Hey it’s been a yearly tradition for me to write a few words on every game I played over the past year, so here’s what I played this year. This is in rough chronological order instead of a ranking this year since it’s hard to order them, but if you made me decide at gunpoint then #3 is Celeste, #2 is Smash Ultimate, and #1 is Slay the Spire.

CELESTE

Celeste was pretty great overall. It’s just a solidly good platformer with some brutal levels later on. There’s some nitpicks with the controls (aiming the dash with analog is annoying but it uses slightly too many buttons to be comfortable on keyboard, I tended to switch between keyboard and controller a lot depending on the level) and the story (I thought the game did a fine job of being a metaphor for anxiety/depression without needing to literally spell it out for you in a dialog box in the middle of the game) but nothing about that detracts from the overall experience of the game, which was really tight and fun. Also it had great music.

SUBNAUTICA

Subnautica was pretty interesting and unique, exploring an underwater alien planet with crazy lifeforms and going deeper and deeper to try and find the way out. You were very rarely in any real danger during the game but it *felt* like you were constantly in danger, especially before you learned which creatures were peaceful and which weren’t. The first 2/3rds of the game were great during this exploratory phase, but the final third was a bit of a mess. Lots of fetch quests and backtracking and an end game quest that didn’t really feel like it did the rest of the game justice. Absolutely worth playing though at least for those first 2/3rds.

SLAY THE SPIRE

It’s a deckbuilding RPG roguelike where your attack and skills are cards. You build your deck as you go so you can’t just make an OP deck and stomp, you gotta build your way to that every run.

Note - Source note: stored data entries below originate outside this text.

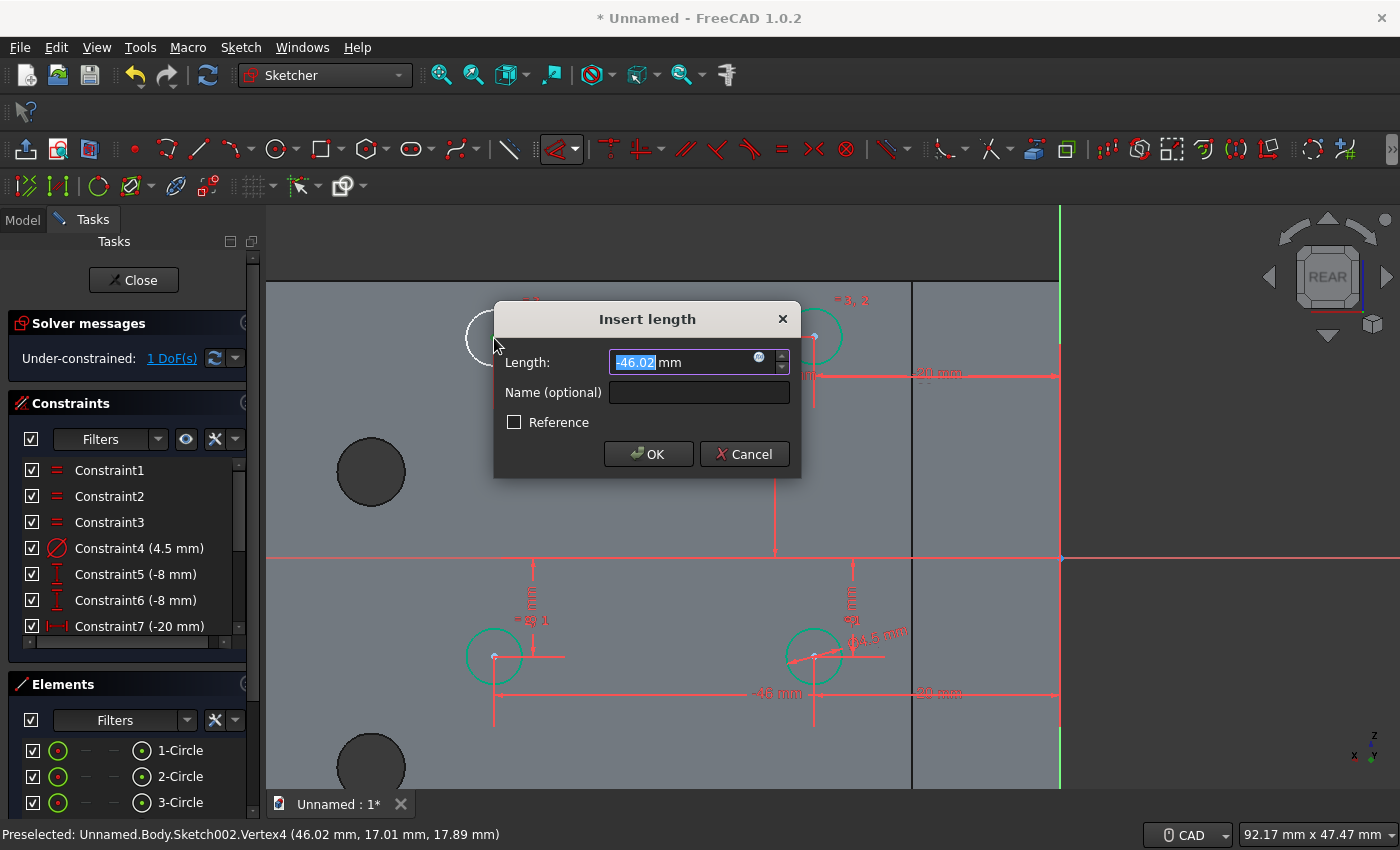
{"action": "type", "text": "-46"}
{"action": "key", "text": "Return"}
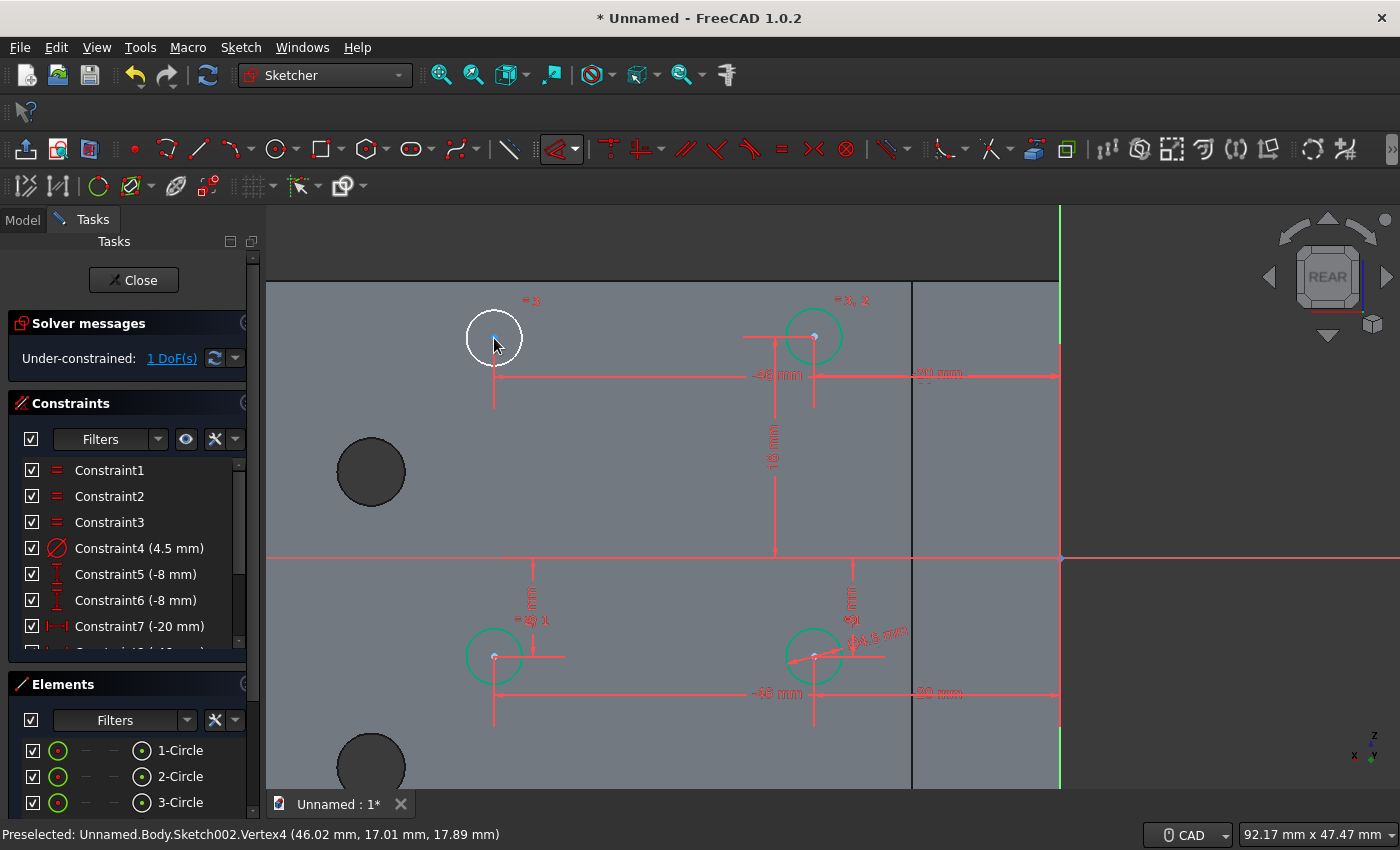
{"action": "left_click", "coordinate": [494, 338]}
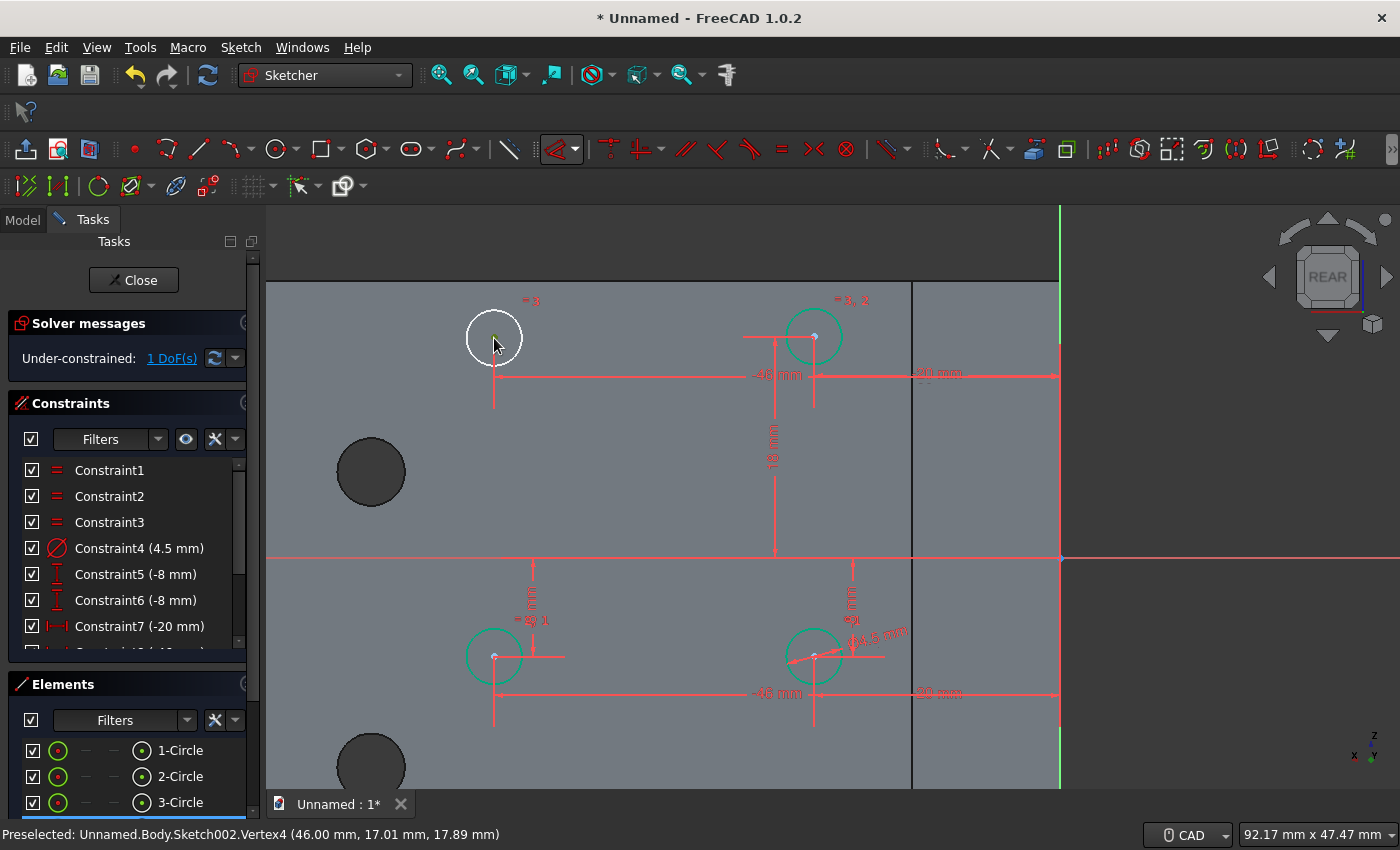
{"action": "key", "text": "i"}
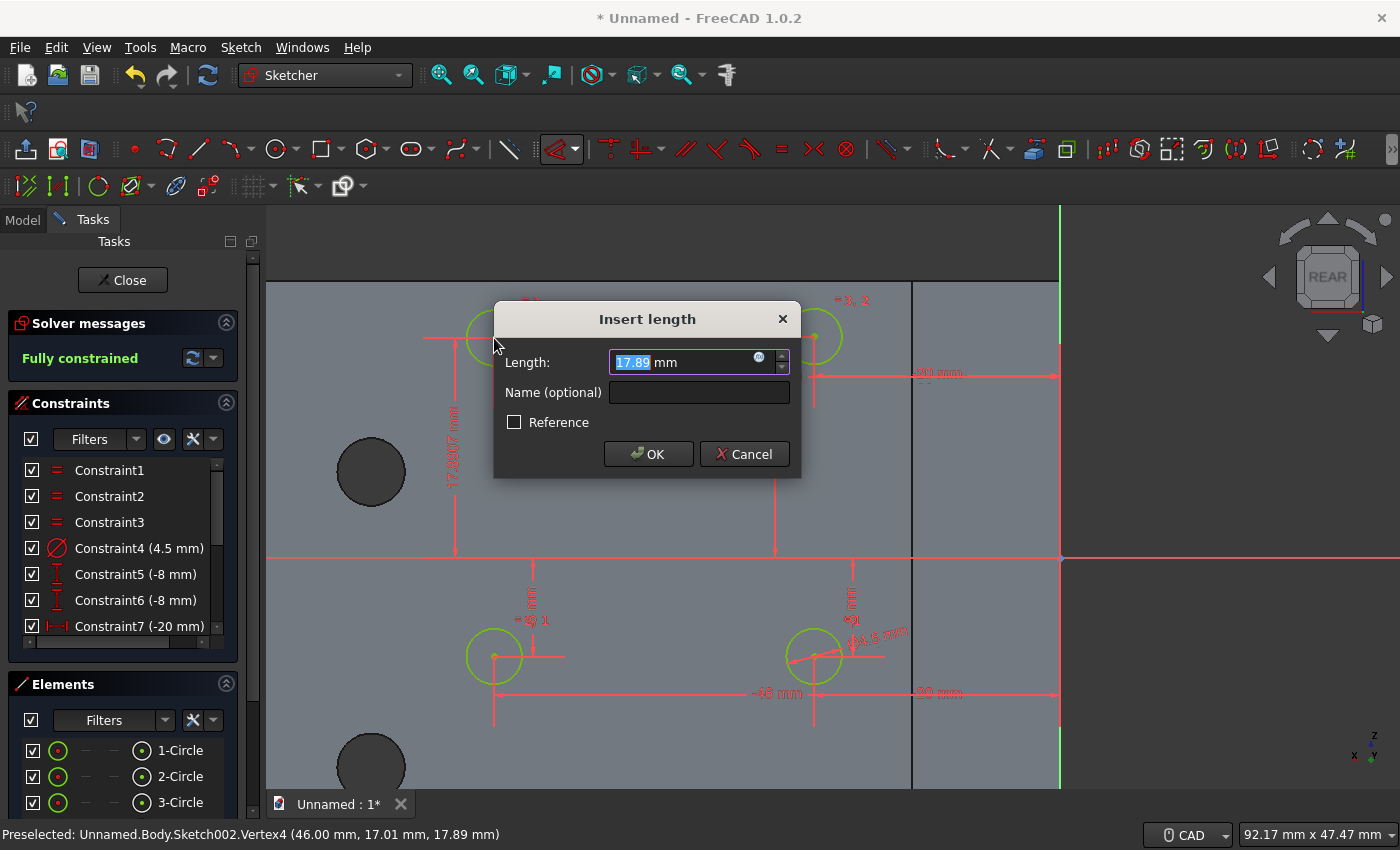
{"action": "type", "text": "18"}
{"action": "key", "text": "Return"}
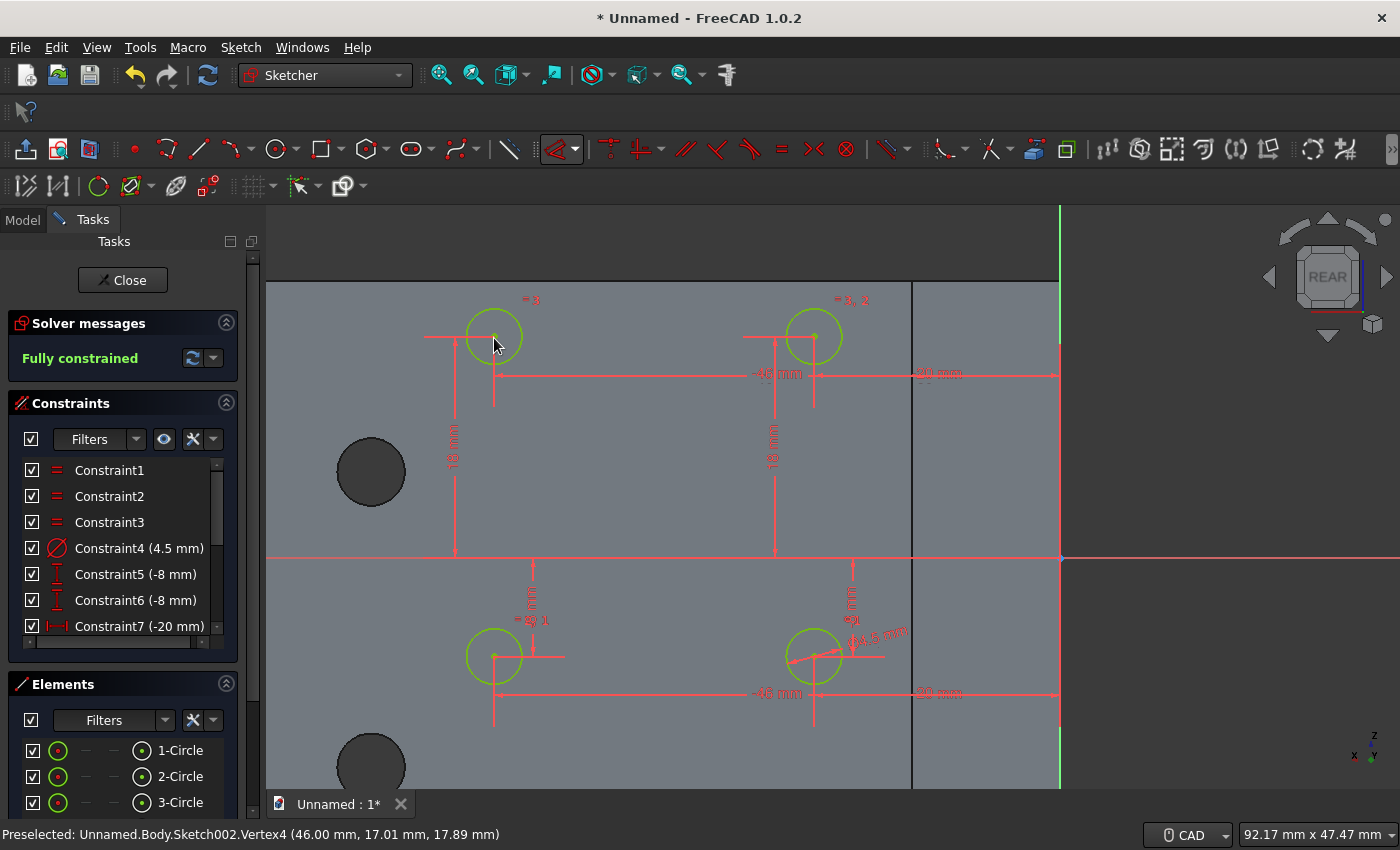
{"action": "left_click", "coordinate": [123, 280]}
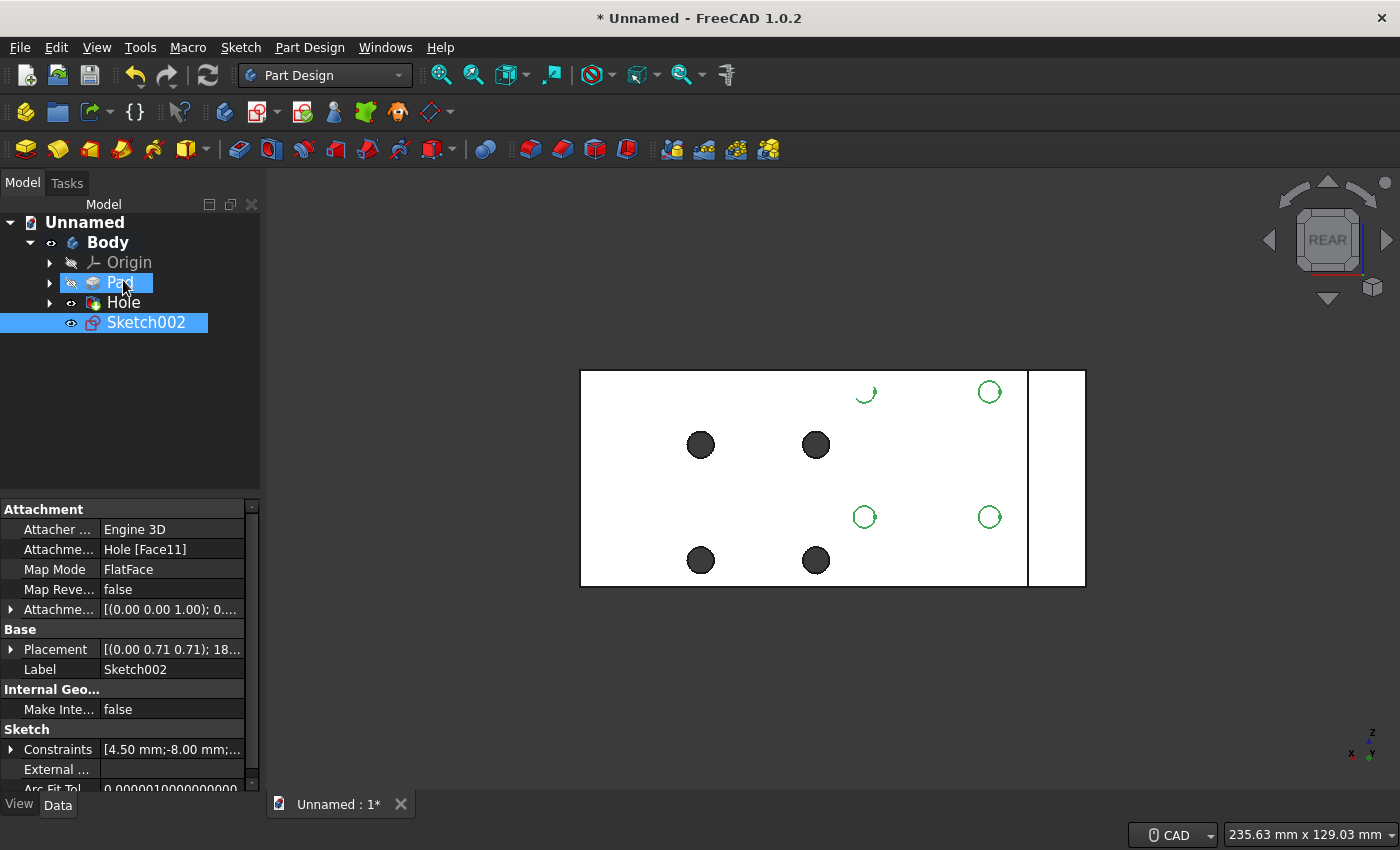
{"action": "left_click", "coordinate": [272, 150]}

The gameplay and game design in slay the spire is SO GOOD. They found an amazing formula for a game with infinite replayability and ran with it. But also the art and sound and general theming of the game is just… terrible. It’s ugly, has generic music, and it’s theme is all over the place. What is the spire? What’s with the “geometric shape” enemies? They had this bird cult theme going for about a third of the enemies that they could have just run with and made that the main theme of the game, but they didn’t. It’s just a mess. But none of that matters because the game is just so good otherwise.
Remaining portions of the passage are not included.